The ease of blogging is changing the summer research experience somewhat. Programs such as DukeEngage encourage students to write up their experiences, both to help them think about it and to share their work with others. For the next seven days, Duke Today will highlight a different summer research blog. We encourage you to check out what the students are thinking.
DukeEngage
In the program’s second year, DukeEngage students have spread out around the world from Delhi, India, and Nkokonjeru, Uganda, to right here in Durham. It’s a summer when the students are expected to work hard but think even harder. For Ryan Bird, working in New Orleans, it’s learning to look beyond impressions and find what can really make a difference in improving lives and living conditions. For Jonathon Cross, in Cairo, it’s getting a new perspective on relations between Jews, Christians and Muslims in a volatile region.
Click here to link to different DukeEngage blogs.
Meredith Barrett, Lemur health and conservation
Meet Meredith Barrett. She's a grad student in Duke's program in ecology with Lemur Center Director Anne Yoder and she's doing some very interesting work on the health of animals that are on the fringes of human encroachment.
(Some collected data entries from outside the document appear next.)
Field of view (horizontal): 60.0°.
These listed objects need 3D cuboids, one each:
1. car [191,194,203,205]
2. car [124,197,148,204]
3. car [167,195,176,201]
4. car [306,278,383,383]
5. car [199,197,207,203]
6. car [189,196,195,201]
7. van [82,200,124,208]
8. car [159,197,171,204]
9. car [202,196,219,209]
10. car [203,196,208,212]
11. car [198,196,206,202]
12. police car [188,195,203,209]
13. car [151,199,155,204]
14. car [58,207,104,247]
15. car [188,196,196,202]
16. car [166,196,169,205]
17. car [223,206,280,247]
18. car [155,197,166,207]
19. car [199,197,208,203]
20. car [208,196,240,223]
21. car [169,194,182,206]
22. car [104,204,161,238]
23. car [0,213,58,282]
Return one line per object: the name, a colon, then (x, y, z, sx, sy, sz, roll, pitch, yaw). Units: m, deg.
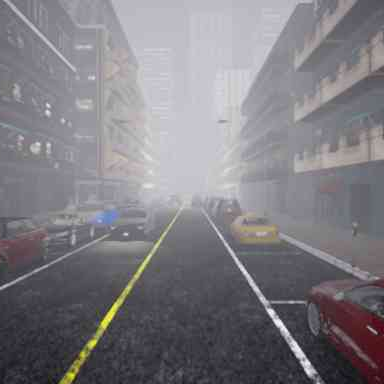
car: (0.888, 1.459, 64.231, 2.150, 2.045, 5.566, 0, 0, 0)
car: (-5.700, 1.430, 31.791, 2.192, 1.841, 5.009, -1, 0, 0)
car: (-5.722, 1.658, 93.413, 2.192, 1.841, 5.009, -1, 0, 0)
car: (2.680, 1.596, 3.753, 1.802, 1.307, 4.206, -1, 0, 0)
car: (2.664, 1.867, 82.181, 1.947, 1.339, 4.313, -1, 0, 0)
car: (-0.018, 1.860, 94.527, 1.812, 1.442, 4.674, 0, 0, 0)
van: (-5.674, 1.416, 20.587, 1.690, 1.788, 3.998, -1, 0, 0)
car: (-5.714, 1.810, 71.005, 2.008, 1.369, 4.403, -1, 0, 0)
car: (2.667, 1.491, 48.570, 2.192, 1.841, 5.009, -1, 0, 0)
car: (2.669, 1.450, 37.366, 2.192, 1.841, 5.009, -1, 0, 0)
car: (2.661, 1.762, 87.784, 1.967, 1.590, 4.097, -1, 0, 0)
police car: (0.788, 1.601, 48.316, 1.930, 1.638, 5.238, 0, 0, 0)
car: (-5.715, 1.686, 37.392, 2.008, 1.369, 4.403, -1, 0, 0)
car: (-5.670, 1.605, 14.984, 2.008, 1.369, 4.403, -1, 0, 0)
car: (-0.016, 1.780, 83.489, 1.895, 1.301, 4.718, 0, 0, 0)
car: (-5.712, 1.800, 59.800, 1.802, 1.307, 4.206, -1, 0, 0)
car: (2.677, 1.580, 15.127, 1.752, 1.417, 4.829, -1, 0, 0)
car: (-5.711, 1.779, 54.198, 1.802, 1.307, 4.206, -1, 0, 0)
car: (2.665, 1.806, 76.749, 1.752, 1.417, 4.829, -1, 0, 0)
car: (2.671, 1.410, 26.162, 2.192, 1.841, 5.009, -1, 0, 0)
car: (-3.041, 1.443, 60.553, 2.150, 2.045, 5.566, 0, 0, 1)
car: (-3.103, 1.614, 18.304, 2.033, 1.411, 5.357, 0, 0, 0)
car: (-5.671, 1.474, 9.382, 1.967, 1.590, 4.097, -1, 0, 0)
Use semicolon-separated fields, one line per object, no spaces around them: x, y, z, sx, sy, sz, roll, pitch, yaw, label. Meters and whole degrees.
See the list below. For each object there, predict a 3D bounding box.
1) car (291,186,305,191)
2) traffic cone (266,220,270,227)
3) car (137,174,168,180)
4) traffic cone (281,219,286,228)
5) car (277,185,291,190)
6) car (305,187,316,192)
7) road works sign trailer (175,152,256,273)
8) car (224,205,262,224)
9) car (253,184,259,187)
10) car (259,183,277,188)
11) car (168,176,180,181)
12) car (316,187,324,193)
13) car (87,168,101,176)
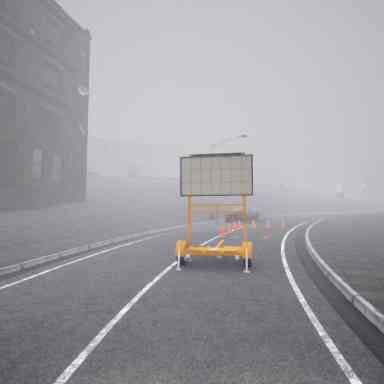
24.046;-0.560;79.814;4.892;1.521;2.231;4;-6;-40;car
5.298;2.165;23.152;0.340;0.580;0.340;-2;-1;17;traffic cone
-7.135;-2.324;56.832;4.892;1.521;2.231;2;-5;-33;car
6.252;2.136;22.862;0.340;0.580;0.340;-2;-1;17;traffic cone
19.900;-0.794;76.329;4.674;1.452;2.002;4;-6;-39;car
28.273;-0.376;83.539;4.553;1.767;2.185;4;-6;-41;car
0.841;0.530;11.035;2.380;3.560;2.880;-1;-1;12;road works sign trailer
4.392;1.859;28.254;1.882;1.535;5.008;-3;-2;30;car
11.076;-1.501;69.388;4.553;1.767;2.185;3;-6;-36;car
15.603;-1.074;72.875;4.792;1.488;2.163;3;-6;-38;car
-2.501;-2.114;59.824;4.892;1.521;2.231;3;-5;-33;car
32.413;-0.165;87.321;5.566;2.045;2.435;5;-6;-42;car
-16.330;-2.840;50.923;4.553;1.767;2.185;2;-5;-33;car
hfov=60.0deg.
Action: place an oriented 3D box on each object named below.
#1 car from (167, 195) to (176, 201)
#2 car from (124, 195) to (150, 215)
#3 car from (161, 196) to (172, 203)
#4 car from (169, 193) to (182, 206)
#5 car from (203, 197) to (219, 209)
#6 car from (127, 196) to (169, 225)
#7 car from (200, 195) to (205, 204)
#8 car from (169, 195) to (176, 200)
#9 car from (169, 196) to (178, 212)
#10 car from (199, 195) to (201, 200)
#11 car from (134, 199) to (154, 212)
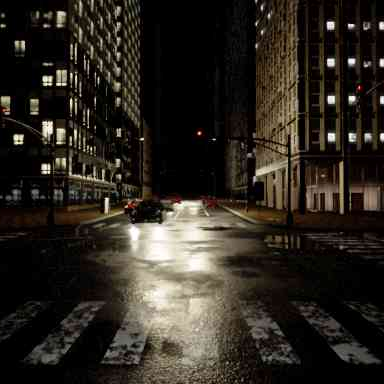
[{"bbox_3d":[-5.543,1.587,89.587,2.008,1.369,4.403,1,0,0],"label":"car"},{"bbox_3d":[-5.624,1.453,33.835,1.967,1.590,4.097,1,0,0],"label":"car"},{"bbox_3d":[-5.568,1.573,72.861,1.887,1.381,4.507,1,0,0],"label":"car"},{"bbox_3d":[-3.013,1.244,57.272,2.150,2.045,5.566,0,0,-2],"label":"car"},{"bbox_3d":[2.770,1.599,45.035,1.802,1.307,4.206,1,0,0],"label":"car"},{"bbox_3d":[-3.064,1.361,24.184,2.097,1.767,4.553,0,0,0],"label":"car"},{"bbox_3d":[2.789,1.547,56.361,1.752,1.417,4.829,1,0,0],"label":"car"},{"bbox_3d":[-5.535,1.605,95.162,1.947,1.339,4.313,1,0,0],"label":"car"},{"bbox_3d":[-3.041,1.562,39.176,2.033,1.411,5.357,0,0,0],"label":"car"},{"bbox_3d":[2.796,1.590,61.768,1.947,1.339,4.313,1,0,0],"label":"car"},{"bbox_3d":[-5.618,1.597,39.410,1.802,1.307,4.206,1,0,0],"label":"car"}]
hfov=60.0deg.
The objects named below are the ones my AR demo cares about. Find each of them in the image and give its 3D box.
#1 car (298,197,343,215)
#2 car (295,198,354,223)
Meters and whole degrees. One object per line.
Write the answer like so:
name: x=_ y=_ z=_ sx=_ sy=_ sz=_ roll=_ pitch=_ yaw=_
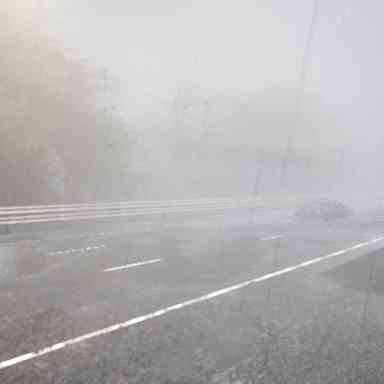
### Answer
car: x=11.440 y=1.170 z=29.422 sx=4.718 sy=1.301 sz=1.895 roll=-1 pitch=1 yaw=-44
car: x=8.883 y=1.214 z=22.139 sx=5.357 sy=1.411 sz=2.033 roll=-1 pitch=1 yaw=-44
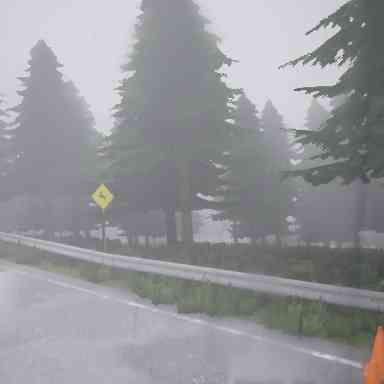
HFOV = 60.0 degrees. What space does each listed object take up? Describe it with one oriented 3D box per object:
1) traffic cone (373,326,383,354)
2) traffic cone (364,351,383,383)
[{"bbox_3d":[2.329,1.956,4.106,0.340,0.580,0.340,0,0,34],"label":"traffic cone"},{"bbox_3d":[1.785,1.956,3.270,0.340,0.580,0.340,0,0,33],"label":"traffic cone"}]
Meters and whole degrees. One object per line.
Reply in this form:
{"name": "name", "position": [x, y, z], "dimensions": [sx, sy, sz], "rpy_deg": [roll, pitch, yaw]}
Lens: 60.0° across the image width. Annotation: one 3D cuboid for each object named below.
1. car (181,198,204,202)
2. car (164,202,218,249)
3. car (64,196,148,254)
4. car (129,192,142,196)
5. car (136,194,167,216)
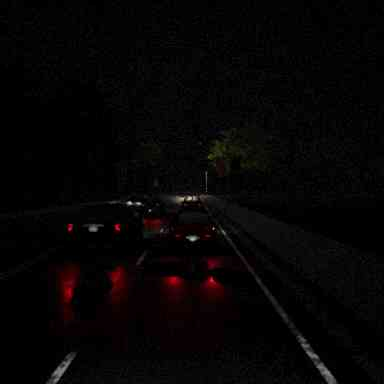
{"name": "car", "position": [0.041, 1.207, 28.088], "dimensions": [2.128, 1.511, 4.902], "rpy_deg": [0, 1, 0]}
{"name": "car", "position": [0.052, 1.384, 13.764], "dimensions": [1.812, 1.442, 4.674], "rpy_deg": [0, 1, 1]}
{"name": "car", "position": [-3.205, 1.218, 12.988], "dimensions": [2.097, 1.767, 4.553], "rpy_deg": [0, 1, 1]}
{"name": "car", "position": [-9.797, 0.784, 57.545], "dimensions": [2.097, 1.767, 4.553], "rpy_deg": [0, 1, 1]}
{"name": "car", "position": [-3.204, 1.206, 28.061], "dimensions": [2.128, 1.511, 4.902], "rpy_deg": [0, 1, 1]}
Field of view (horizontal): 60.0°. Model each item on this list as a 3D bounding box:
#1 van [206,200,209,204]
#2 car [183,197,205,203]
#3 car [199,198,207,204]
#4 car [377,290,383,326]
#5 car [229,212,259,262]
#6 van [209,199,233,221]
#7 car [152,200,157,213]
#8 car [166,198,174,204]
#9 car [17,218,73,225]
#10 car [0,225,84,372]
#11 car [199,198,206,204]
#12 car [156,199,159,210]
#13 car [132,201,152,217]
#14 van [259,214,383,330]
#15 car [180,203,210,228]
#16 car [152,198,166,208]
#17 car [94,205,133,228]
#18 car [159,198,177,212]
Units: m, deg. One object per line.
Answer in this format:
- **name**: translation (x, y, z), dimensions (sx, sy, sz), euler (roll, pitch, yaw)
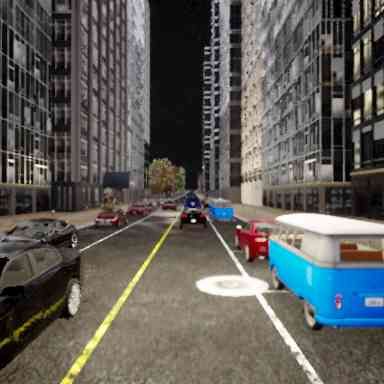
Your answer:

Right now, she’s on the other side of the world, doing field work in Madagascar. Her work involves gently trapping and darting lemurs on the forest edge and quickly taking several measures of their health status, including a physical and dental exam, a snip of hair, and yes, fecal material. (They're apparently quite willing to donate that last bit, she says.) Her hypothesis is that animal populations probably suffer from human encroachment even before the humans have actually taken away their habitat. Proving this may help inform policy about how and where to create sanctuaries.
Meredith takes readers along on her field work and living conditions in this strange and wonderful island through a blog: Lemur Health and Conservation.
Duke Global Health Institute
Follow the reflections and experiences of Duke students (and faculty) who are taking time away from campus to engage in a global health field experience. From Singapore to South Africa, from Delhi to Durham, Duke undergraduate, graduate and professional students are learning about what it takes to tackle the health disparities that plague our world.
Click here to read the postings.
Nicholas School student blogs
The Nicholas School is encouraging students to blog to not only showcase their research but to give readers a better perspective on all ranges of student life. Postings range from reviews of American Dance Festival performances to a first successful use of GIS technology in research.
Click here to read the postings.
The Howard Hughes program in undergraduate biology
In summer 2006, the Integrated Systems: Integrative Sciences is an educational collaboration between Arts and Sciences, the Medical Center and the School of Engineering.
For the more than two dozen undergraduate and pre-college students in the program, it’s an early step into doing biology research in the lab. Eugenia Hyunjin Cho wrote about her interview with her mentor, Fred Nijhout, and what she learned about turning a love of wildlife into a research career. For Stephanie Haeyun Chang, the program is a chance to make new discoveries about DNA and what the BBC has in common with coffee.